(Saved data entries)
::::::::::
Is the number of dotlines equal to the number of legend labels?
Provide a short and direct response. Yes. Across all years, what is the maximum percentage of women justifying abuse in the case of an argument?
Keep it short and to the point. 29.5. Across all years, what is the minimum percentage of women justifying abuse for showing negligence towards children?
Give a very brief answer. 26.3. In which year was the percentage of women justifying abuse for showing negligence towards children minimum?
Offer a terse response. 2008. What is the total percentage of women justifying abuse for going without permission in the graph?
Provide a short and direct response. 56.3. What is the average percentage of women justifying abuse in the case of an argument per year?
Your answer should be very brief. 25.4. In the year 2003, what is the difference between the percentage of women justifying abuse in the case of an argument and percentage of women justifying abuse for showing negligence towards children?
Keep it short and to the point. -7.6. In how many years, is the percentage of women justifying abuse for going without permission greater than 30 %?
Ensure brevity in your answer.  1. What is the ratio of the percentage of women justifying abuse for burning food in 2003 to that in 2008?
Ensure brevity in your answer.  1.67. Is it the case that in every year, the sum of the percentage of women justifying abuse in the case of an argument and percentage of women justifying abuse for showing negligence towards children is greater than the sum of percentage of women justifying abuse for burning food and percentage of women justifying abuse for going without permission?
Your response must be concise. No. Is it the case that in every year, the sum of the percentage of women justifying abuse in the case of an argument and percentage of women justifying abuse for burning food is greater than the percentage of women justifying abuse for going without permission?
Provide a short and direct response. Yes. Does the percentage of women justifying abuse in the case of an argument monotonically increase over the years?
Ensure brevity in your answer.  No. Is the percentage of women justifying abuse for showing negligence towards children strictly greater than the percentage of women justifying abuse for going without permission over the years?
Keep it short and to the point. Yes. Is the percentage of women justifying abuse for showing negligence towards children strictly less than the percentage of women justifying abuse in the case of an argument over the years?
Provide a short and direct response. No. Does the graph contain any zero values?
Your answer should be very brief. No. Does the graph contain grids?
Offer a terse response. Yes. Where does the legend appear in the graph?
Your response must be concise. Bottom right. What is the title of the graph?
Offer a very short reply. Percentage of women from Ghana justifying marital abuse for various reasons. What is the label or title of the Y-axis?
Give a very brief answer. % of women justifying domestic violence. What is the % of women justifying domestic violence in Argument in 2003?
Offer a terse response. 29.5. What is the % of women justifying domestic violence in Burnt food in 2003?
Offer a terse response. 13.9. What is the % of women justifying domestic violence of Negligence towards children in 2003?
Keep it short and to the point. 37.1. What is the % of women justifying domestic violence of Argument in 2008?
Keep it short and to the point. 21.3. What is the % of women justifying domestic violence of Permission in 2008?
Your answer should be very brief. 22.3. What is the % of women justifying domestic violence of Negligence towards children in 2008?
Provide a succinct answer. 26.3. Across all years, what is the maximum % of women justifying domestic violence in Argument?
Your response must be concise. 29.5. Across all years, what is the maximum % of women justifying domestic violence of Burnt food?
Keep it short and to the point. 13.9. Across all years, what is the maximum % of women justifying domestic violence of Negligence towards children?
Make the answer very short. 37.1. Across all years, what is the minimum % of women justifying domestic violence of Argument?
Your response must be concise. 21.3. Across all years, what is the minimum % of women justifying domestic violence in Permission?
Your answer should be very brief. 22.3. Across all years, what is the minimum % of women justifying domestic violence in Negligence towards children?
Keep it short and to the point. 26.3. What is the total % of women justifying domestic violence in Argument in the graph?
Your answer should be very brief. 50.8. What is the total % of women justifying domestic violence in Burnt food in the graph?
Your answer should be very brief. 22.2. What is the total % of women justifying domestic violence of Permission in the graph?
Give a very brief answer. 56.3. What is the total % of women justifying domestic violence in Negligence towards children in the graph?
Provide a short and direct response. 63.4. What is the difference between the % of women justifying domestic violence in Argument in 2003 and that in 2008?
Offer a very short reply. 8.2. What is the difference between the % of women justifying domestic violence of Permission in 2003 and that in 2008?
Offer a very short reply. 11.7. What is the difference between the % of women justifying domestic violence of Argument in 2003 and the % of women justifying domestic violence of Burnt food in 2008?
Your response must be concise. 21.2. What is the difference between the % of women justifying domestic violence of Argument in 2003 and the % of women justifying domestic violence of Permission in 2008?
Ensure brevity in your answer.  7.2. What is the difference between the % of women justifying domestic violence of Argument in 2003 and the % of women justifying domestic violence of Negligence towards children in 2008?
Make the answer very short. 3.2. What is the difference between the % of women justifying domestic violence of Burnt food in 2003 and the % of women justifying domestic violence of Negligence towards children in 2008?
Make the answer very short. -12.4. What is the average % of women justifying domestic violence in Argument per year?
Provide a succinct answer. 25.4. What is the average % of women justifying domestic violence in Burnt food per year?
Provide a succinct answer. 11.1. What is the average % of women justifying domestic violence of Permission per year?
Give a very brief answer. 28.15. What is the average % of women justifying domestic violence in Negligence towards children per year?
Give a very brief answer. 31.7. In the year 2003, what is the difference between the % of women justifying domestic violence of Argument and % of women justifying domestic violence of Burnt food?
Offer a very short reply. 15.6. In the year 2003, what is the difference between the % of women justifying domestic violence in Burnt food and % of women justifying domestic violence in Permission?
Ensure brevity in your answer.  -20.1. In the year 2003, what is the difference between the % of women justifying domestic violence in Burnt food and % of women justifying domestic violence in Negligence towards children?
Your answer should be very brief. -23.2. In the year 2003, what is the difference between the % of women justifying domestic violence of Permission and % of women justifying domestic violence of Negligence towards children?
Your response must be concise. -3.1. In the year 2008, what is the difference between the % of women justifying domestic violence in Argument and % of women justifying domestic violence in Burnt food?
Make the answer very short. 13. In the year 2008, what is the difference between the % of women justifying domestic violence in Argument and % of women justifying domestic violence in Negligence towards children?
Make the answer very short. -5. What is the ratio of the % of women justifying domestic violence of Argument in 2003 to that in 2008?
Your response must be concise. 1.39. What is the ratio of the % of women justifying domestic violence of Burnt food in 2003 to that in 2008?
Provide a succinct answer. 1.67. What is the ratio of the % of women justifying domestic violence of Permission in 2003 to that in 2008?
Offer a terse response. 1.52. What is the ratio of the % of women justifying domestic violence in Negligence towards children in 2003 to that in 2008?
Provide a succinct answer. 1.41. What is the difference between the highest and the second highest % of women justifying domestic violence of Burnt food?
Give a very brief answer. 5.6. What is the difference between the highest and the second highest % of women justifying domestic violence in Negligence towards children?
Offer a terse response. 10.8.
::::::::::
*EXERCISE PROMPT*: Return exactly the lines above from the line that has "Offer a very short reply. 15.6." through the line that has "-20.1. In the", inclusive, and nothing else.

*FINISHED TASK*:
Offer a very short reply. 15.6. In the year 2003, what is the difference between the % of women justifying domestic violence in Burnt food and % of women justifying domestic violence in Permission?
Ensure brevity in your answer.  -20.1. In the year 2003, what is the difference between the % of women justifying domestic violence in Burnt food and % of women justifying domestic violence in Negligence towards children?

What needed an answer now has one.